Arizona Attorney General Kris Mayes announced her office has filed gambling and related criminal charges against the companies behind prediction markets platform Kalshi. The complaint alleges Kalshi operated an “illegal gambling business in Arizona without a license” and offered election wagering in violation of state law. Authorities say the platform allowed Arizona residents to bet on contracts tied to sports and state and federal elections.
Mayes said, “Kalshi may brand itself as a ‘prediction market,’ but what it’s actually doing is running an illegal gambling operation and taking bets on Arizona elections, both of which violate Arizona law. No company gets to decide for itself which laws to follow.”
The AG’s office said the charges followed Kalshi’s decision to file a preemptive lawsuit against Arizona “in an attempt to avoid accountability under Arizona law.” State authorities have pursued similar actions against companies behind other prediction markets, including Polymarket.

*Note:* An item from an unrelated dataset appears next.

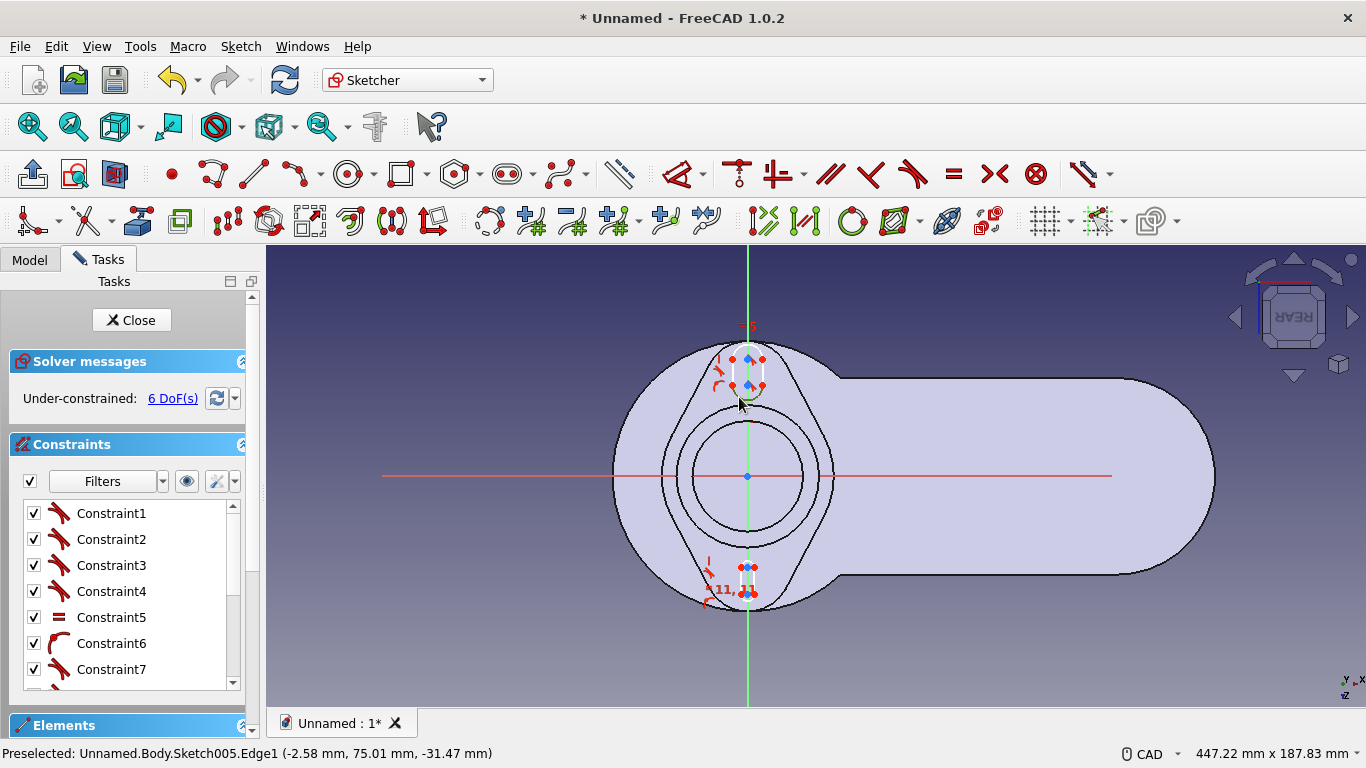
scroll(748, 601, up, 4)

A Kalshi spokesperson told Cointelegraph that states are attempting to regulate a nationwide financial exchange and that Kalshi is subject to federal jurisdiction. The spokesperson argued the platform differs from sportsbooks and casinos and should not be regulated by a “patchwork of inconsistent state laws.”
Recent court rulings have produced mixed results. An Ohio judge last week denied Kalshi’s request for a preliminary injunction, finding the company did not prove its sports event contracts fall under the Commodity Futures Trading Commission’s (CFTC) exclusive jurisdiction. Conversely, a federal judge in Tennessee in February blocked state authorities from enforcing gambling laws against Kalshi.
At the federal level, CFTC Chair Michael Selig, now the sole commissioner, has publicly defended prediction market platforms and signaled the CFTC would protect them from state-level enforcement. Selig recently opened a proposed rule for public comment on how the Commodity Exchange Act should apply to prediction markets, a move that could shape future regulation and enforcement.